Créé le jeudi 10 octobre 2024 par Hamza EM
Quel que soit l’âge, j’entends parfois des personnes s’inquiéter de leur “avancement” dans la vie. Cette inquiétude suppose qu’il faut courrir une course sans se retrouver trop loin derrière le peloton. Elle suppose aussi qu’il nous reste une certaine durée de temps à vivre. Or Marc Aurèle explique que nous ne possédons réellement que le moment présent, ni le passé, ni le futur.
Même si tu dois vivre trois mille ans, même si tu en dois vivre trente mille, rappelle-toi néanmoins que nul n’a à perdre qu’une vie, celle qu’il vit et n’en vit qu’une, celle qu’il perd. Donc l’extrême brièveté et l’extrême longueur reviennent au même. En effet, le présent est égal pour tous, donc pour tous la perte est la même, et ainsi cette perte est infinitésimale. (…)
Marc Aurèle, Pensées pour moi-même, Livre II § XIV (extrait)
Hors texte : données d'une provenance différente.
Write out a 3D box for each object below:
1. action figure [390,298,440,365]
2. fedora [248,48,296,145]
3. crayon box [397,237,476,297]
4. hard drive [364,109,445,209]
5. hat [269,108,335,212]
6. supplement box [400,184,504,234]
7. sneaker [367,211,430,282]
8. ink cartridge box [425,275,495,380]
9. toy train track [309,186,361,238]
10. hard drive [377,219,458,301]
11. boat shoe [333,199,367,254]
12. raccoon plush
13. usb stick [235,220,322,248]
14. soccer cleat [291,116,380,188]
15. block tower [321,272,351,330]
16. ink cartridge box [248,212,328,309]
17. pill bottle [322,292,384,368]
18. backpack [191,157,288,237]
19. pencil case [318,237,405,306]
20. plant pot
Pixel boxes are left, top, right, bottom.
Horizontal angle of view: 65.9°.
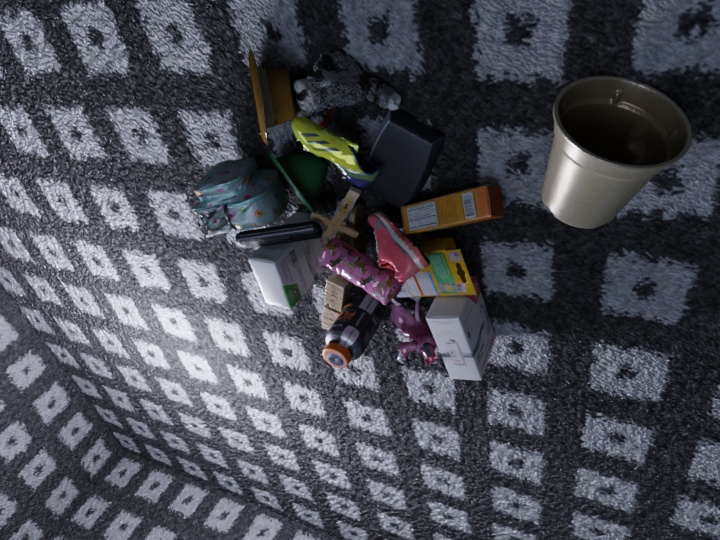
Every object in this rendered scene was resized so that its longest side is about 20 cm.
[{"bbox_3d":[0.153,0.152,1.340,0.134,0.200,0.149,-7,117,-10],"label":"action figure"},{"bbox_3d":[-0.173,-0.349,1.113,0.082,0.201,0.201,-9,133,-8],"label":"fedora"},{"bbox_3d":[0.155,-0.005,1.231,0.200,0.052,0.126,-3,126,36],"label":"crayon box"},{"bbox_3d":[0.077,-0.219,1.136,0.135,0.042,0.200,30,138,5],"label":"hard drive"},{"bbox_3d":[-0.087,-0.245,1.234,0.166,0.176,0.200,53,178,-9],"label":"hat"},{"bbox_3d":[0.183,-0.120,1.128,0.200,0.067,0.069,-7,90,39],"label":"supplement box"},{"bbox_3d":[0.058,-0.053,1.184,0.200,0.087,0.074,50,-175,40],"label":"sneaker"},{"bbox_3d":[0.237,0.133,1.285,0.083,0.147,0.200,-3,127,33],"label":"ink cartridge box"},{"bbox_3d":[-0.040,-0.130,1.212,0.115,0.033,0.200,24,150,-9],"label":"toy train track"},{"bbox_3d":[0.123,-0.025,1.297,0.140,0.033,0.200,33,138,2],"label":"hard drive"},{"bbox_3d":[-0.026,-0.077,1.322,0.064,0.071,0.200,19,126,23],"label":"boat shoe"},{"bbox_3d":[-0.038,-0.325,1.080,0.200,0.097,0.134,35,145,-1],"label":"raccoon plush"},{"bbox_3d":[-0.184,-0.081,1.262,0.200,0.033,0.055,-7,155,13],"label":"usb stick"},{"bbox_3d":[-0.045,-0.245,1.105,0.200,0.065,0.084,38,137,-17],"label":"soccer cleat"},{"bbox_3d":[-0.064,0.085,1.504,0.054,0.058,0.200,23,139,12],"label":"block tower"},{"bbox_3d":[-0.163,-0.029,1.354,0.083,0.200,0.147,10,132,30],"label":"ink cartridge box"},{"bbox_3d":[-0.021,0.158,1.434,0.106,0.200,0.106,17,136,18],"label":"pill bottle"},{"bbox_3d":[-0.277,-0.176,1.306,0.200,0.176,0.153,1,127,16],"label":"backpack"},{"bbox_3d":[0.000,0.000,1.246,0.200,0.083,0.087,30,129,17],"label":"pencil case"},{"bbox_3d":[0.382,-0.174,0.893,0.200,0.201,0.184,23,149,12],"label":"plant pot"}]

Pour pouvoir courrir la course de la vie que l’on suppose ici, il faut bien une ligne d’arrivée. C’est l’âge auquel nous supposons implicitement que l’on est censé mourrir. Or cette date butoire, rien ne nous la garantit. Nous ne possédons de façon garantie aucun instant entre la seconde qui vient de s’écouler et cette date butoire. De ce fait, s’octroyer quelque chose que l’on ne possède pas est la définition même du crédit. Nous faisons implicitement un “crédit de temps” à la nature auquel elle n’a jamais consenti. Vivre avec un crédit sur le dos, n’est jamais source de sereinité, surtout un crédit d’une telle envergure.
Bien sûr, il ne s’agit pas ici d’être inerte. Pour vivre, on doit pouvoir se projeter et c’est bien ce qui fait la force de l’Homme: anticiper. L’intention derrière cette idée, est de se concentrer sur nos actions actuelles et accepter les évènements futurs arriver tel qu’ils sont car ils sont hors de notre contrôle jusqu’à ce qu’ils se produisent. Moment auquel, il sera de notre ressort de les traiter mais jusque là, nul besoin de s’en préoccuper.
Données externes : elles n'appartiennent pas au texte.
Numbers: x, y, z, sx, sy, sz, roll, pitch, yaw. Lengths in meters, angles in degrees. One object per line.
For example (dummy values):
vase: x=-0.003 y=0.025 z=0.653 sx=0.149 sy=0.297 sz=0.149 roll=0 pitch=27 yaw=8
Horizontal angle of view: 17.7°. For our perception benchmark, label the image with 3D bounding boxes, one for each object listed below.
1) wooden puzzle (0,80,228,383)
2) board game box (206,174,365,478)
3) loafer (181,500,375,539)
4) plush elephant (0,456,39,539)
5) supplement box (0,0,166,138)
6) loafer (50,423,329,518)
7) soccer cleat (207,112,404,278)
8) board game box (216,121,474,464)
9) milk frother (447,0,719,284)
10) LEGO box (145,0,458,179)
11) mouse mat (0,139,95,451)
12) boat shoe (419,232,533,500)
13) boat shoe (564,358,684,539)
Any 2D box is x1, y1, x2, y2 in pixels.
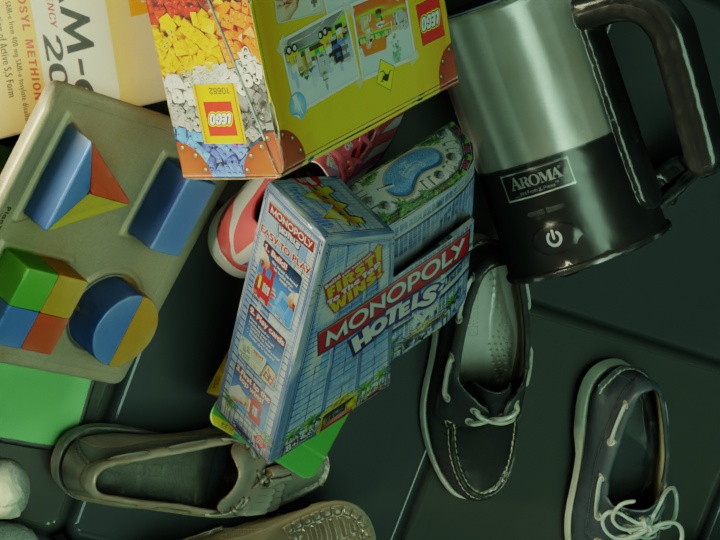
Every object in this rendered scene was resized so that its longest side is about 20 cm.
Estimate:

Les conséquence d’un “crédit temporel”
Le “crédit temporel” est très similaire au crédit bancaire à quelques détails près. Comme ce dernier, on obtient les fonds en une fois et à intervalle régulier on doit payer un loyer. Avec ce système, à chaque paiement, on se questionne si on bien investi le temps que l’on a emprunté. Le problème c’est qu’on ne peut pas arrêter de dépenser notre temps. On ne peut pas faire une pause de réflexion puis reprendre la dépense avec un plan bien établi. Quel que soit le plan, le futur n’est prédictible, ce plan d’investissement est donc voué à l’échec. La frustration et la déception nous attends alors à chaque tournant. Voilà la nature du paiement du “crédit temporel”.
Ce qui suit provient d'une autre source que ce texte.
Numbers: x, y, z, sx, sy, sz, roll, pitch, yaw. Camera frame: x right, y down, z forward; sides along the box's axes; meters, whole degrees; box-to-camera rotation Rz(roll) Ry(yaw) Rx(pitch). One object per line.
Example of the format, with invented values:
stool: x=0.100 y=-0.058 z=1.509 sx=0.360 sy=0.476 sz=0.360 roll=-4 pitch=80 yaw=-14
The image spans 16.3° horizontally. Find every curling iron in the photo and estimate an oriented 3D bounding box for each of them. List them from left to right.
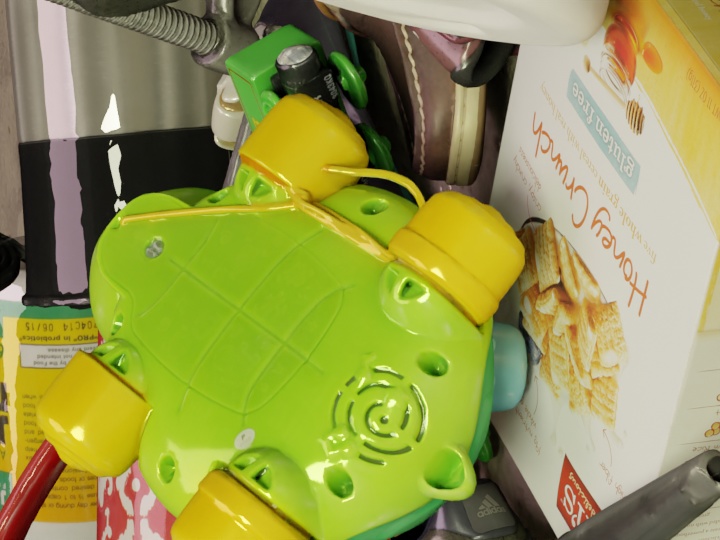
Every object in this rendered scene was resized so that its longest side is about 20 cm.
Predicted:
curling iron: x=0.055 y=0.091 z=0.773 sx=0.200 sy=0.049 sz=0.026 roll=-34 pitch=39 yaw=57

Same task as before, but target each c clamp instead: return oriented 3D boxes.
c clamp: x=-0.083 y=-0.120 z=0.927 sx=0.027 sy=0.200 sz=0.171 roll=12 pitch=83 yaw=40

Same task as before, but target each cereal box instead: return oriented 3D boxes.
cereal box: x=0.084 y=-0.006 z=0.780 sx=0.144 sy=0.039 sz=0.200 roll=-118 pitch=29 yaw=-47

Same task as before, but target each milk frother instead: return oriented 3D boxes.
milk frother: x=-0.159 y=-0.076 z=1.215 sx=0.180 sy=0.199 sz=0.189 roll=-178 pitch=83 yaw=-74

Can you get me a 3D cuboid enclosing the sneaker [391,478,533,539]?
sneaker: x=0.013 y=0.124 z=0.941 sx=0.200 sy=0.074 sz=0.081 roll=-25 pitch=80 yaw=55

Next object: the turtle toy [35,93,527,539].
turtle toy: x=-0.027 y=0.026 z=0.829 sx=0.200 sy=0.146 sz=0.101 roll=35 pitch=174 yaw=40

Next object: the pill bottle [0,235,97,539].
pill bottle: x=-0.154 y=0.086 z=1.373 sx=0.113 sy=0.112 sz=0.201 roll=-148 pitch=55 yaw=-66

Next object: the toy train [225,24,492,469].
toy train: x=0.000 y=0.000 z=0.923 sx=0.056 sy=0.042 sz=0.200 roll=36 pitch=152 yaw=54

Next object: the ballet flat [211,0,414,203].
ballet flat: x=-0.023 y=-0.052 z=1.027 sx=0.073 sy=0.073 sz=0.200 roll=108 pitch=150 yaw=-49

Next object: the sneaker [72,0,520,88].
sneaker: x=-0.006 y=-0.102 z=0.836 sx=0.200 sy=0.076 sz=0.116 roll=-26 pitch=77 yaw=23

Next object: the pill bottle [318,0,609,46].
pill bottle: x=0.033 y=-0.174 z=0.711 sx=0.120 sy=0.119 sz=0.201 roll=-172 pitch=96 yaw=-70

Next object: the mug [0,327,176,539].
mug: x=-0.076 y=0.113 z=1.082 sx=0.133 sy=0.177 sz=0.201 roll=166 pitch=103 yaw=-77

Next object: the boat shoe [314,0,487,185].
boat shoe: x=-0.001 y=-0.119 z=0.920 sx=0.072 sy=0.072 sz=0.201 roll=96 pitch=163 yaw=-69

Jouir du capital en notre possession
Ce que l’on possède réellement dans le contexte de la durée d’une vie, c’est le présent. Le présent ce n’est pas aujourd’hui, cette heure-ci ou cette seconde-ci. Aucune fraction d’unité de temps ne peut représenter le présent, car au moment même où on la pense, elle fait déjà partie du passé. C’est un instant glissant qu’on ne peut ni saisir, ni déplacer. Cet instant c’est celui que l’on possède vraiment, ni celui d’avant ni celui d’après. La vie n’est donc qu’un instant. Ce n’est pas le projet que l’on construit dans nos rêves, c’est maintenant. Notre capital temporel est si petit, qu’aucune unité de temps ne peut le représenter.
(…) C’est que l’on ne pourrait perdre ni le passé ni l’avenir. Car ce que vous n’avez pas, comment vous l’ôter? (…) l’homme assuré de très nombresuses années, et l’homme qui est en train de mourir, ne perdent pas plus l’un que l’autre. En effet, le présent est le seul bien dont ils seront privés, puisque enfin ils ne possèdent que celui-là, et que ce que l’on ne possède pas, on ne peut pas le perdre.
Marc Aurèle, Pensées pour moi-même, Livre II § XIV (extrait)
En accordant la juste valeur à la vie, on se libère l’esprit pour agir au mieux, et on ne peut se garantir d’agir que maintenant.